Defence costs orders

Many defendants in fraud cases rely on third party funders such as family, friends or insurance companies to cover their costs. Perhaps unhappy at the extent to which privately represented defendants were able to secure acquittals, and thereafter the return of a substantial majority of the funds paid out for their defence, the government passed the Costs in Criminal Cases (General) (Amendment) Regulations 2009. The intention behind these regulations seems to have been, for all cases beginning after 31 October 2009, to cap any defendant's costs from central funds at a level similar to that for legal aid.

I say 'intention' because the Law Society has taken the view that these new regulations only apply where costs are ordered to be taxed (i.e. under section 16(9)(b) of the Prosecution Offences Act 1985) and not where the court summarily awards costs under section 16(9)(a). So strongly does the Law Society feel about this that it has issued a practice note to this effect and is currently judicially reviewing the position. Privately paid solicitors whose clients are acquitted are urged to come to court with a summary of their costs and to urge the judge to make a summary award rather than referring the matter for taxation.

Criminal Justice Act 2003: video link evidence and defence witnesses

For cases commencing after 26 April 2010, a court may direct of its own motion or following application by either party that a witness other than the defendant gives evidence by live video link. The court must be satisfied that it is in the interests of the efficient or effective administration of justice for the person concerned to give evidence this way. Once a direction has been made the witness can only give evidence in the directed way. A judge may direct the jury to give the same weight to the evidence heard by live link as if it had been given by the witness in the court room.

For cases beginning after 1 May 2010, the accused must notify the court and the prosecutor of its intention to call any person other than himself as a witness at his trial. This notification must include their name, address, date of birth or as many details that are known and where not known any information that might be of material assistance in identifying or finding them. The witness notice must be amended where the accused changes his mind about which witnesses to call, and, if a witness notice is served out of time, or witnesses are called that were not identified in a witness notice, the court may make appropriate comment and the court or jury may draw appropriate inferences.

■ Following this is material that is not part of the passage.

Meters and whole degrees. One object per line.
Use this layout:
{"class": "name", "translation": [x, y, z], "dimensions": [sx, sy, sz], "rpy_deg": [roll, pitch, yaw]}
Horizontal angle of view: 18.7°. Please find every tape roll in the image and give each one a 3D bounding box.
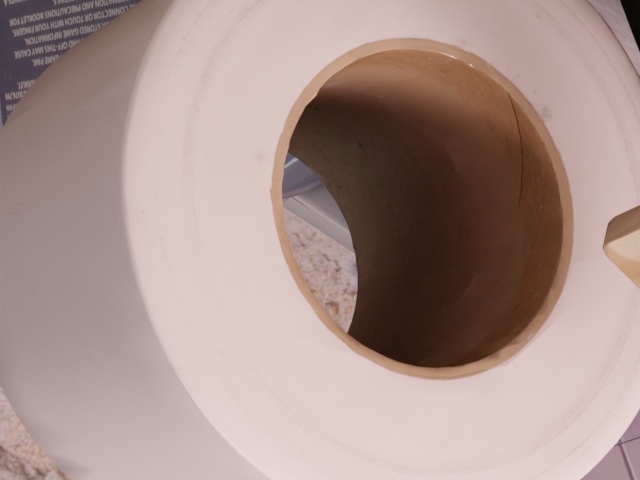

The purpose behind this second enactment appears to be as much about notifying the police of potential defence witnesses who can then be tracked down for the purpose of verifying the defence. Fraud cases seldom turn on disputes of fact or on mystery witnesses (experts are notified in advance in any event) and the most important effect on fraud cases is likely to be the requirement to notify the court of character witnesses that will be called to give evidence.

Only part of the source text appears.